Buffalonians who spoke with 2 On Your Side were mixed on the proposal.

BUFFALO, N.Y. — A tax on digital media like movies and audiobooks could be added to your paid subscriptions as a way to support public transit across the state, at least that's what members of New York's Assembly Majority are proposing.

The idea is part of the Assembly's budget proposal which was submitted Thursday. It would add an overall 8% sales tax to subscriptions like Netflix, Disney Plus, Hulu, Spotify, and Audible; 4% would be state sales tax, and the other 4% would local sales tax.

Other media or "digital product" that is "electronically or digitally delivered, streamed or accessed" would also be subject according to the Assembly's proposal. Cable and satellite television as well as newspapers or periodicals would be excluded.

The Assembly estimates revenue for New York City's Metropolitan Transportation Authority, or MTA, would reach $63 million by 2026-2027 and reach $29 million the first year.

By 2026-2027, an estimated $46 million would be raised for public transit everywhere else around the state, $21 million the first year.

Buffalonians who spoke with 2 On Your Side were mixed on the proposal.

"I can't decide if it's a good idea or not to got to the streaming sites, but I think public transportation is important," Suresh Kumar Ramaieah said.

"People can't do it no more. Paychecks aren't doing up, and everything else is going up," added KC Nomes.

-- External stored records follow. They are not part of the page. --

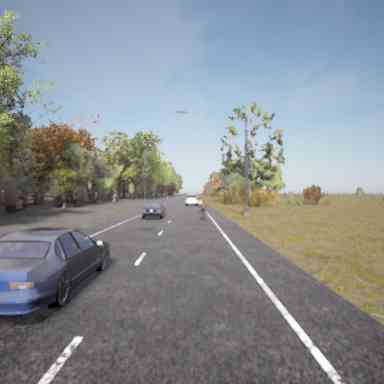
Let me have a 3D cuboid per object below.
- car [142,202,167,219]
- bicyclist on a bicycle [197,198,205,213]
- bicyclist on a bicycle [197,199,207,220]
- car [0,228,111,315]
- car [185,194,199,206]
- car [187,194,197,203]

With the final state budget due by April 1, Assembly Majority Leader Crystal Peoples-Stokes said while there is still a lot of things to work out. The Assembly's proposal is only one-third of the three-part negotiation process, which also includes Gov. Kathy Hochul's budget proposal and the State Senate's.

"I know how desperate the MTA is for resources, and frankly, I know how desperate the NFTA is for additional resources," Peoples-Stokes (D) said.

While the majority leader told 2 On Your Side she doesn't think this tax proposal would tank negotiations, she hopes it will be included.

"If you're talking to somebody who drives a car who never needs to use a bus, then they're probably going to say, 'Why is there going to be a new tax?' But if you talk to somebody who takes the bus everywhere, they go, they're going to say, 'Oh, yeah, we do need support for public transit,' " the Majority Leader added.

Assembly Minority Leader Will Barclay said the move is just another example of Albany Democrats taxing the middle class.

"It may be the old adage, but it's an accurate adage. I would say we tax everything in New York, and not only do we tax everything in New York, we tax it at the highest rates we possibly can," Barclay said.